[[ EXERCISE INPUT, beginning ]]

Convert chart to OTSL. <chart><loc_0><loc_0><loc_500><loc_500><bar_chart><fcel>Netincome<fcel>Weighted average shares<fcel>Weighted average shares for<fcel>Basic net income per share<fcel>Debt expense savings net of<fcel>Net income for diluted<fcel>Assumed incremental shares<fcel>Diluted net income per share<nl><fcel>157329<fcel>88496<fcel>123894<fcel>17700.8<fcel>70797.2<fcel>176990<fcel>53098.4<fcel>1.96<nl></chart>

[[ EXERCISE INPUT, end ]]
[[ EXERCISE INPUT, beginning ]]

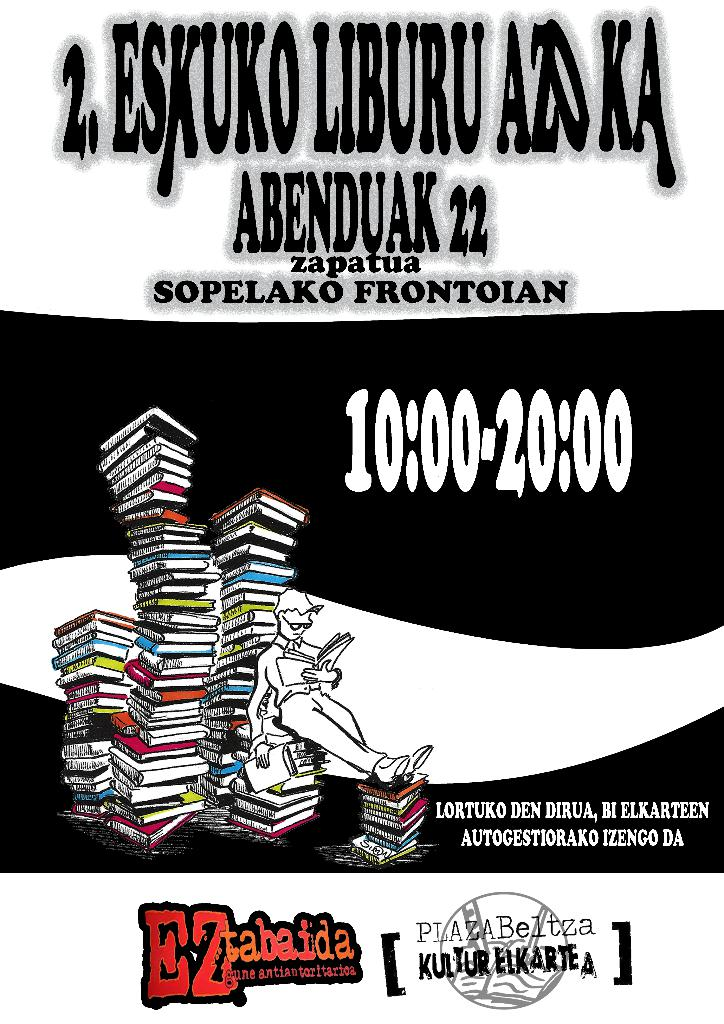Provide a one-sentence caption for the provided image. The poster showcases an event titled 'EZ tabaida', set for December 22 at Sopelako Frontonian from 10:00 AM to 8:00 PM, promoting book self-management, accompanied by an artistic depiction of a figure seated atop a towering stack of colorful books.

[[ EXERCISE INPUT, end ]]
[[ EXERCISE INPUT, beginning ]]

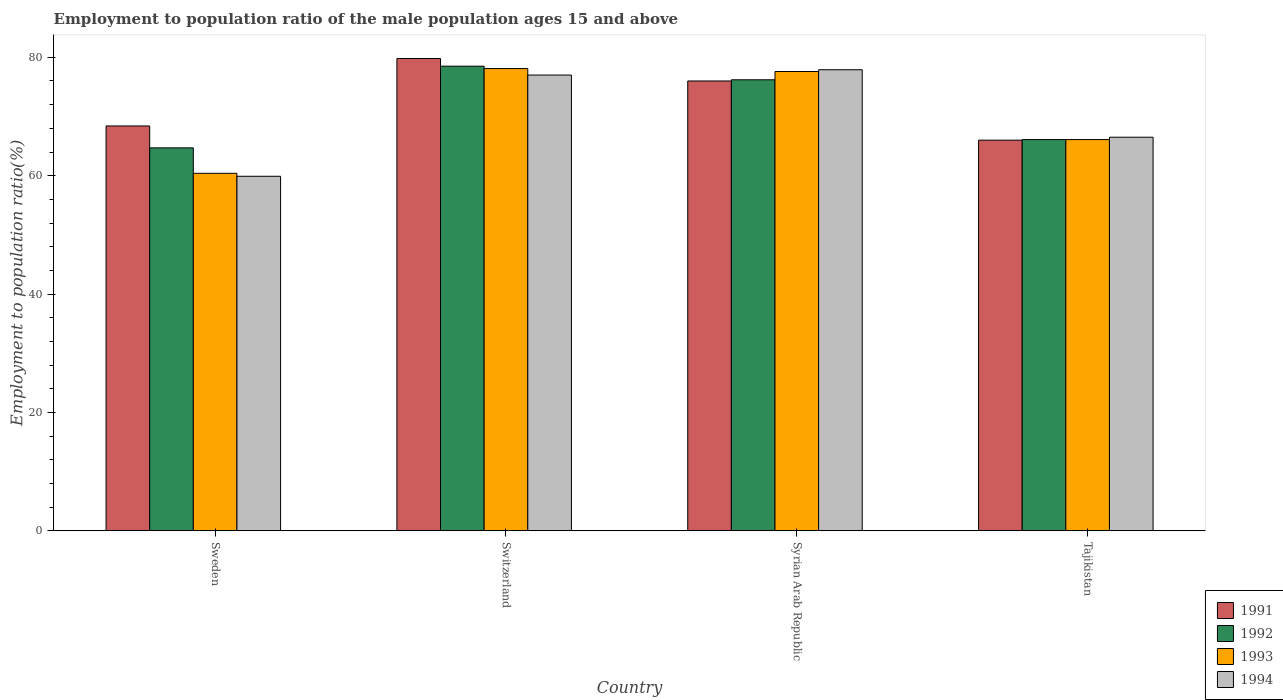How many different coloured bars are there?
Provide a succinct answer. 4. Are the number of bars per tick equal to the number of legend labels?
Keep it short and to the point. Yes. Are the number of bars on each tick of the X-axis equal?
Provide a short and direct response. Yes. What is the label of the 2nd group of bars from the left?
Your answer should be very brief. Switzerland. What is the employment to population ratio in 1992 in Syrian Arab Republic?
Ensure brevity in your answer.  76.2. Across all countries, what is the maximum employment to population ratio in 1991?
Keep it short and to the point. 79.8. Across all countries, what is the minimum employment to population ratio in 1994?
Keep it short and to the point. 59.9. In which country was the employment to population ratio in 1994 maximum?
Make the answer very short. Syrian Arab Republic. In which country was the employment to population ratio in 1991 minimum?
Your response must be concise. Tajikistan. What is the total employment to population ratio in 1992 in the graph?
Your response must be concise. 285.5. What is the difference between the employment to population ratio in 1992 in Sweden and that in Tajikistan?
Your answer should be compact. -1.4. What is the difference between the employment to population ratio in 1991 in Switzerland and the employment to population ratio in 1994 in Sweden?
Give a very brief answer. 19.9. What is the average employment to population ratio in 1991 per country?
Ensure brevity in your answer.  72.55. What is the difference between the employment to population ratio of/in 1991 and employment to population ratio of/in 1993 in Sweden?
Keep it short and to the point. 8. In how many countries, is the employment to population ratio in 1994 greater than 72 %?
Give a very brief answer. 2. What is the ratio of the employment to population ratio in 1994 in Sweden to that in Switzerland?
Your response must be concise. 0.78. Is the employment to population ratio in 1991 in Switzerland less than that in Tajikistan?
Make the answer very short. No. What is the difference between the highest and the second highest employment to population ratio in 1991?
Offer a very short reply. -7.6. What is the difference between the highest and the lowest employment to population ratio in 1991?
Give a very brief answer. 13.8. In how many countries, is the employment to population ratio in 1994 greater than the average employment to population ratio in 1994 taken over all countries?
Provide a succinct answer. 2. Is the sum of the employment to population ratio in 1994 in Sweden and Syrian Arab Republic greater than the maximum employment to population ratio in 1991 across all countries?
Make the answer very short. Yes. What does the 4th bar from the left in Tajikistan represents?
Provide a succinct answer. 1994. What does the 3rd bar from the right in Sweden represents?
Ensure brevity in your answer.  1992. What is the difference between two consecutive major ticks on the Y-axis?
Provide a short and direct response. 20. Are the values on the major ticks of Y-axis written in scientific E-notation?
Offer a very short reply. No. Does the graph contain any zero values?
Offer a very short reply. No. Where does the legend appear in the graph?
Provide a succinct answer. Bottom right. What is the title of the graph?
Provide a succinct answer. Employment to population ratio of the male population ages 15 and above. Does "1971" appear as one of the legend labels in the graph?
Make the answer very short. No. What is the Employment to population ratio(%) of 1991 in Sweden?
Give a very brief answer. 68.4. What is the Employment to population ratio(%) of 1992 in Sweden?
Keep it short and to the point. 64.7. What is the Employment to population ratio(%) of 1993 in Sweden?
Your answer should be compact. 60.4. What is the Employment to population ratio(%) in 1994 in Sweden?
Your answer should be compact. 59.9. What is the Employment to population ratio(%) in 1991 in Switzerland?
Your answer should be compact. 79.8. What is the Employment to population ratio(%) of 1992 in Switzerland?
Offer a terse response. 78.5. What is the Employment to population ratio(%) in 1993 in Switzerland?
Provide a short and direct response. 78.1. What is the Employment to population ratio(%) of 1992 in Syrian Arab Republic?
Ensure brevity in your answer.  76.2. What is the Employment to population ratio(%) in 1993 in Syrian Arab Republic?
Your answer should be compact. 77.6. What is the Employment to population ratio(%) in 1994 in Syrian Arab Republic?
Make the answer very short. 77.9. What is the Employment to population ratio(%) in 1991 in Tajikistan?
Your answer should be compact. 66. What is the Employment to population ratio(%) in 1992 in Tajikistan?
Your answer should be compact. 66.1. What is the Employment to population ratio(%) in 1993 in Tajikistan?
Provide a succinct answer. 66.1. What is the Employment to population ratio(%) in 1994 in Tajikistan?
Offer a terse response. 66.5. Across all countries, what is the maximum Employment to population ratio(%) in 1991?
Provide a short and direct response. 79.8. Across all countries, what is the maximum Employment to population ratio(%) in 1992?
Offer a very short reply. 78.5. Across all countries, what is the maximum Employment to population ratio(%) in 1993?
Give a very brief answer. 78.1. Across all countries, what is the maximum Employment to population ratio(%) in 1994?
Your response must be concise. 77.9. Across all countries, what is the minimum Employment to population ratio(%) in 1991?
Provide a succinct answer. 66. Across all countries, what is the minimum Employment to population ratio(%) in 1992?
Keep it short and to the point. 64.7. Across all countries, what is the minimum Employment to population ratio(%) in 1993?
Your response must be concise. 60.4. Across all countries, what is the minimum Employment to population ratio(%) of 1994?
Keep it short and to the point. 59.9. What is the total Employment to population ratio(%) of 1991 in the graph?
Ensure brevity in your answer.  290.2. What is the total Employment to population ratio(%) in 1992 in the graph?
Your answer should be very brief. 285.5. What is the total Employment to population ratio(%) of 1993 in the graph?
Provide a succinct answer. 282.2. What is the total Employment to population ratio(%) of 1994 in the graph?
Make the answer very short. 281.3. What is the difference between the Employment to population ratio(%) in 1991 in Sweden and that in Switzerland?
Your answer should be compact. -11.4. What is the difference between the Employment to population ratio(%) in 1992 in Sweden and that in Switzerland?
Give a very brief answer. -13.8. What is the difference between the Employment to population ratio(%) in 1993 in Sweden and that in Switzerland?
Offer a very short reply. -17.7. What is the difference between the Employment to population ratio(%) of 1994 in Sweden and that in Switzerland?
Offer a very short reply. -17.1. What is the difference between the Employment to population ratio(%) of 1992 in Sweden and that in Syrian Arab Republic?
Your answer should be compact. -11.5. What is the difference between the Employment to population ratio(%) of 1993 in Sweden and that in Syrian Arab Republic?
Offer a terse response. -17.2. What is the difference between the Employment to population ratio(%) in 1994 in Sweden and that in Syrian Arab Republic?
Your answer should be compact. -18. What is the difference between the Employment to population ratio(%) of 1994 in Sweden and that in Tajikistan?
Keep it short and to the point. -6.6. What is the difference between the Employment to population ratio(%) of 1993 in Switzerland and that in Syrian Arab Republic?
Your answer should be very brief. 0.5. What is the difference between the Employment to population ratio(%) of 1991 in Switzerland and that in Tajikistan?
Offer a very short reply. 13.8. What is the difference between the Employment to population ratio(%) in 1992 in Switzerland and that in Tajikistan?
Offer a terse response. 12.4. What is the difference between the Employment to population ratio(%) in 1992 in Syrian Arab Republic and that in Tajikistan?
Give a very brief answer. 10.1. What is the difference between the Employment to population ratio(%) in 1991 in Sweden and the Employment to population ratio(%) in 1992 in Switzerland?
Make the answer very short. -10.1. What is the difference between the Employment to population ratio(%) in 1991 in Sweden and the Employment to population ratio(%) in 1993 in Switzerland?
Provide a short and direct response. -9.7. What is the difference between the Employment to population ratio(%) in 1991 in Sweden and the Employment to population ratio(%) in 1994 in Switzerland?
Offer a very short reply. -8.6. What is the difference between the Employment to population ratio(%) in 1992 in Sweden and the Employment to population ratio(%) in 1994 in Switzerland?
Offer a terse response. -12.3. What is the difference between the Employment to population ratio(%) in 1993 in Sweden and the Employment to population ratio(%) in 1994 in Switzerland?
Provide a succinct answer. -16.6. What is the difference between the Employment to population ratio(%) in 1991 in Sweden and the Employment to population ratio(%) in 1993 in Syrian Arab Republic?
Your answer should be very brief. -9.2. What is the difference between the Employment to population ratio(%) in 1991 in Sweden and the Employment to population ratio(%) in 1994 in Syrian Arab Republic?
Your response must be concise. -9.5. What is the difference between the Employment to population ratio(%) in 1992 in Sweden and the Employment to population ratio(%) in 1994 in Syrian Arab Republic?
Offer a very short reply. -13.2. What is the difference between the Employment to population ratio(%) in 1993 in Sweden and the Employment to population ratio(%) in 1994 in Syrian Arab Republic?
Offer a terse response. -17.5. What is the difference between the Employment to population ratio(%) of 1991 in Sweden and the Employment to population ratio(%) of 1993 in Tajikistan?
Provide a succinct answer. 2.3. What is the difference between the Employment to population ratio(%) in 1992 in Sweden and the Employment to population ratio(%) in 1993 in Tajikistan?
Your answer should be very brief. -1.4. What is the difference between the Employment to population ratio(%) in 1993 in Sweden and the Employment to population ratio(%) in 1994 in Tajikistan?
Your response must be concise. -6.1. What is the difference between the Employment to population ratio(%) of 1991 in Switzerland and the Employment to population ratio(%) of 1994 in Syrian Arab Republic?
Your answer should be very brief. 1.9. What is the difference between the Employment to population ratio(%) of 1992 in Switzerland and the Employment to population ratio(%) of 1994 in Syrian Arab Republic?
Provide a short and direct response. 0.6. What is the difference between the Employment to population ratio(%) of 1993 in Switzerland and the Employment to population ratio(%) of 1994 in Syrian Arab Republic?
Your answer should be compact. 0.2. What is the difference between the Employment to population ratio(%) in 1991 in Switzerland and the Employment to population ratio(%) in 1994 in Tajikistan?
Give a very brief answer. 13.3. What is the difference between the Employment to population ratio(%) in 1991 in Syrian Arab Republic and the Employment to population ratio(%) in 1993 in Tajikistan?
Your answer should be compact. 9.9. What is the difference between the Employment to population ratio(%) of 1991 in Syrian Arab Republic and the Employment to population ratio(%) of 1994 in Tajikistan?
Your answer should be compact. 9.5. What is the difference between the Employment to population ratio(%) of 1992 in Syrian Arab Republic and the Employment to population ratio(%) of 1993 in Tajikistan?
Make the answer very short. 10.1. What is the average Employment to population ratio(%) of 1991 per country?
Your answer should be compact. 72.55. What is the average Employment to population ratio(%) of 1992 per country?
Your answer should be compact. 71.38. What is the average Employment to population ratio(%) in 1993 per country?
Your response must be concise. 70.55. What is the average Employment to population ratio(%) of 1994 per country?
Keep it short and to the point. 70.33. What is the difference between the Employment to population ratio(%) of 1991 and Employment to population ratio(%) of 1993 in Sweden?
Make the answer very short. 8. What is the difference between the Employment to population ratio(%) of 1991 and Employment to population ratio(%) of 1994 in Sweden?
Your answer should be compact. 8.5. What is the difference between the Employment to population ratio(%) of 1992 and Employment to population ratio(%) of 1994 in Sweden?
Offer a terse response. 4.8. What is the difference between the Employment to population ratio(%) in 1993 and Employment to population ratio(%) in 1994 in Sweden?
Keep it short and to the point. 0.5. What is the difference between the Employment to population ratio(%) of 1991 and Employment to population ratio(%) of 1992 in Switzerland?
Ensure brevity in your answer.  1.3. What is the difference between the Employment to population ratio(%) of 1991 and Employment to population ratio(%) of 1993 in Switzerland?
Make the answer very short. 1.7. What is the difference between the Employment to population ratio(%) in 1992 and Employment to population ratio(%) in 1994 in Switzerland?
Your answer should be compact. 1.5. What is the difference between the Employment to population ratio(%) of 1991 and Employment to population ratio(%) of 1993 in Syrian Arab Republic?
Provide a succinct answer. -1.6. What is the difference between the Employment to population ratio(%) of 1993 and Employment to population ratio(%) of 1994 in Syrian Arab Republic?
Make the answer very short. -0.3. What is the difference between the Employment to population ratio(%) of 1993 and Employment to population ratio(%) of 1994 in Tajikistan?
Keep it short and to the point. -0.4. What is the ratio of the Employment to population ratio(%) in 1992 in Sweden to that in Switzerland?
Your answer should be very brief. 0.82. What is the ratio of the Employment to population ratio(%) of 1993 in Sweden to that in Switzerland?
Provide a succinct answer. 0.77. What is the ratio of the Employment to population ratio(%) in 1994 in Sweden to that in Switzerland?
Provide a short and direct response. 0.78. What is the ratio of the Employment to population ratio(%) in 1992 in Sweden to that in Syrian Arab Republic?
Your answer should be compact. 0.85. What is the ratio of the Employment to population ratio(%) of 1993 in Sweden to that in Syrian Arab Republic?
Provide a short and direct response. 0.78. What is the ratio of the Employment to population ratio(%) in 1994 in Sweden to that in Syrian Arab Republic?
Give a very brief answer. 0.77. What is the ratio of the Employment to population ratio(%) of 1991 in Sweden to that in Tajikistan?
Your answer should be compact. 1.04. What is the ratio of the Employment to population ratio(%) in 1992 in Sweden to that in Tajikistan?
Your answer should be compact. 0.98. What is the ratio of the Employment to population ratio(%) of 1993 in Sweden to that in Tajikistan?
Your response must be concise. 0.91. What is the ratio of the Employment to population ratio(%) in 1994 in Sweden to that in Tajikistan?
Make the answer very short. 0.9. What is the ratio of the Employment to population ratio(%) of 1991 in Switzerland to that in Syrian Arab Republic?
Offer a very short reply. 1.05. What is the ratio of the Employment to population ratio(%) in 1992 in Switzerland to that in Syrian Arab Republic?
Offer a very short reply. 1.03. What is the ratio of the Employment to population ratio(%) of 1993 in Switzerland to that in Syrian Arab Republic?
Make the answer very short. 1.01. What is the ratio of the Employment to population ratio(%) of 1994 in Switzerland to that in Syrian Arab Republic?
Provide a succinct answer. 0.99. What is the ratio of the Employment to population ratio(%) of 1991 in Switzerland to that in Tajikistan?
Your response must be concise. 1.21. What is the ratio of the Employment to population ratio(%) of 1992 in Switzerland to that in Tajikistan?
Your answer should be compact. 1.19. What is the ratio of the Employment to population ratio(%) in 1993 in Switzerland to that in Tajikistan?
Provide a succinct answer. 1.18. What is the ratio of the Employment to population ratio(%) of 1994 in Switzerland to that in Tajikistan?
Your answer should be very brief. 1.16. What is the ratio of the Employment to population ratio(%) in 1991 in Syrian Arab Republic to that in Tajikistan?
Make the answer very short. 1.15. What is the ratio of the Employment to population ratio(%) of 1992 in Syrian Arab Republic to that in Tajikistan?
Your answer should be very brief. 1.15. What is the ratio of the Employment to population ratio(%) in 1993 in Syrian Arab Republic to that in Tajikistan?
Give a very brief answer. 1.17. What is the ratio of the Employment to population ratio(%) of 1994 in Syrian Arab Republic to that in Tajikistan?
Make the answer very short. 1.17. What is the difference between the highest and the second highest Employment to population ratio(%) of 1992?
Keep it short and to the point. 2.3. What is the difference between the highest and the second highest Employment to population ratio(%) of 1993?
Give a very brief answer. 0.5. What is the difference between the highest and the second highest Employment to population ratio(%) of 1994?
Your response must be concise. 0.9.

[[ EXERCISE INPUT, end ]]

TASK PROMPT:
Everything from the line containing "Make the answer very short. 1.7." through the line containing "1992 in Sweden to that in Syrian" in the material above should be retyped exactly, both ends included, and nothing more.

COMPLETED TASK:
Make the answer very short. 1.7. What is the difference between the Employment to population ratio(%) in 1992 and Employment to population ratio(%) in 1994 in Switzerland?
Your answer should be compact. 1.5. What is the difference between the Employment to population ratio(%) of 1991 and Employment to population ratio(%) of 1993 in Syrian Arab Republic?
Provide a succinct answer. -1.6. What is the difference between the Employment to population ratio(%) of 1993 and Employment to population ratio(%) of 1994 in Syrian Arab Republic?
Make the answer very short. -0.3. What is the difference between the Employment to population ratio(%) of 1993 and Employment to population ratio(%) of 1994 in Tajikistan?
Keep it short and to the point. -0.4. What is the ratio of the Employment to population ratio(%) in 1992 in Sweden to that in Switzerland?
Your answer should be very brief. 0.82. What is the ratio of the Employment to population ratio(%) of 1993 in Sweden to that in Switzerland?
Provide a succinct answer. 0.77. What is the ratio of the Employment to population ratio(%) in 1994 in Sweden to that in Switzerland?
Provide a short and direct response. 0.78. What is the ratio of the Employment to population ratio(%) in 1992 in Sweden to that in Syrian Arab Republic?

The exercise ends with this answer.